The purpose

Further to the advice the RTF issued on 23 August 2021, the purpose of this Advisory is to again raise awareness and remind operators of the importance managing the mental health of their workers, particularly given the increased risk associated with the impact of COVID-19.

Evidence the risk to safety is increasing

The RTF has been participating in the weekly Freight and Driver Forum hosted by Waka Kotahi NZ Transport Agency (Waka Kotahi) and have heard:

• While generally the behaviour of motorists is good, the Police and Waka Kotahi have witnessed isolated examples of extremely unsafe behaviour and there appears to be an increase in vehicles speeding. Waka Kotahi reports that its camera monitoring indicates what appear to be increased examples of “tail-gating” occurring

• Transport operators have shared anecdotes of witnessing adverse behaviour changes by their staff resulting in minor incidents and it would appear these events could be related to operators being sub-consciously distracted

• The insurance sector representative reported that during the last lockdown period there were several incidents of major consequence.

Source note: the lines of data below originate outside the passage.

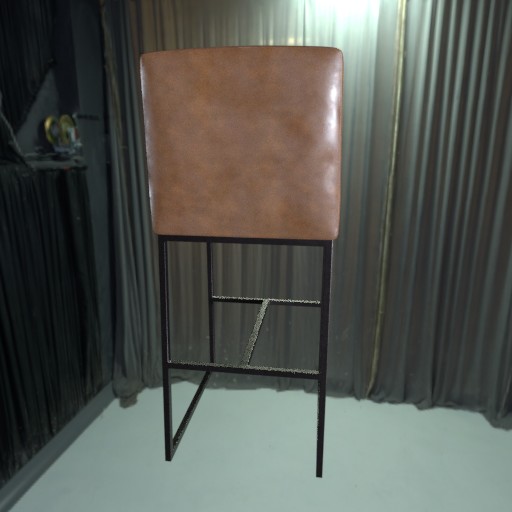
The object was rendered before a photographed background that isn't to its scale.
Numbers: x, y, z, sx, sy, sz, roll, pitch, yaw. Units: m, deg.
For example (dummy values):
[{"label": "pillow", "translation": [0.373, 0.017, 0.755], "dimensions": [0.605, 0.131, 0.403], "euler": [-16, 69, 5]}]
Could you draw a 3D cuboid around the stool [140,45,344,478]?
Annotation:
[{"label": "stool", "translation": [0.000, 0.000, 1.328], "dimensions": [0.463, 1.065, 0.562], "euler": [2, 16, 8]}]

To a degree, the above may be seen as relatively anecdotal however, our view is that there is no doubt that the changes lockdowns bring to peoples’ livelihoods do have a psychosocial impact, and will increase risk of unsafe behaviour. Therefore, that increased risk needs to be managed.

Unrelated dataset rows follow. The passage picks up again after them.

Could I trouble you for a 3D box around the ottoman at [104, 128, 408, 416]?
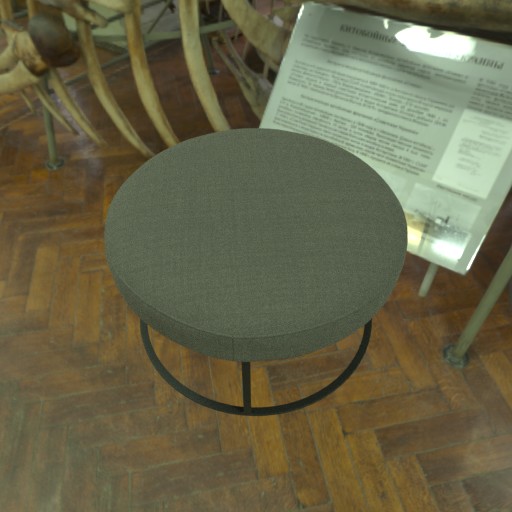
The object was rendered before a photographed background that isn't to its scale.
[{"bbox_3d":[0.000,0.000,1.256,0.772,0.460,0.772,0,46,0],"label":"ottoman"}]
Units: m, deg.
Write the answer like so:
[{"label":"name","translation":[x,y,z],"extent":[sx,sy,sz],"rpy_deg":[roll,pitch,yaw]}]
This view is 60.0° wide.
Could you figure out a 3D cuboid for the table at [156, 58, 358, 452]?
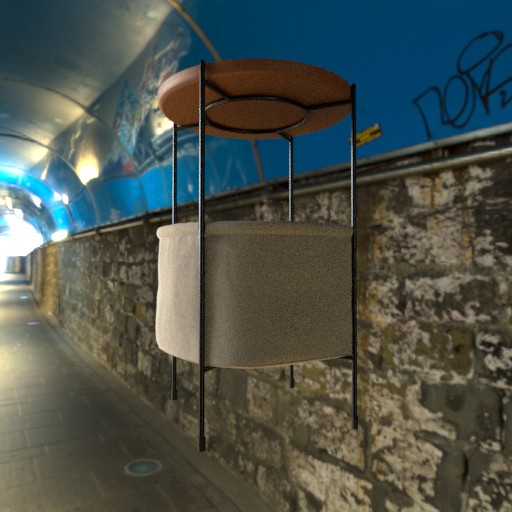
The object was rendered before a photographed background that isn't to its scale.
[{"label":"table","translation":[0.000,0.000,0.887],"extent":[0.393,0.623,0.393],"rpy_deg":[0,-1,-19]}]

Shifting the focus from machines to the people

It’s easy to keep track and manage the machines in your business. The trucks are all scheduled, be it for work or maintenance, the loaders and forklifts are in the stores ready to go, and continuous reporting from the tech on board helps you know the status of each vehicle in your fleet.

Getting a status report on how the people who operate all of these machines in your business are doing isn’t so easy – but it has never been as important as it is now.

The current state of uncertainty, frustration, fear and concern means everyone is vulnerable – some more than others. Everyone is looking to those in leadership positions to lead, to reassure, and to support as they work through lock downs, or make the most of being at home in their bubble because the work isn’t there. This means that your workload has increased – the emotional workload that is.

I watched an interview with Mike King recently where he was talking about the isolation of lock down and the effect it has on young people. He said something that made me stop and think about my own reaction to this lock down – in particular, how I relate to my 16-year-old in our bubble. His comment was, “if you want to know how someone is doing and really want them to answer honestly, be up front up and honest with them, share how you are doing and let them see you have days where you find it really hard too”.

I am not saying that I am suddenly going to start having long conversations with my daughter about how crap I think this whole situation is, or how I hate turning on the TV and hearing nothing but negative and distressing news, because that isn’t what she needs, but maybe it wouldn’t hurt to not be “A ok” all the time. Maybe I don’t have to be positive all the time, but can tell her that this lock down, this Covid stuff is tough and I’m feeling it too.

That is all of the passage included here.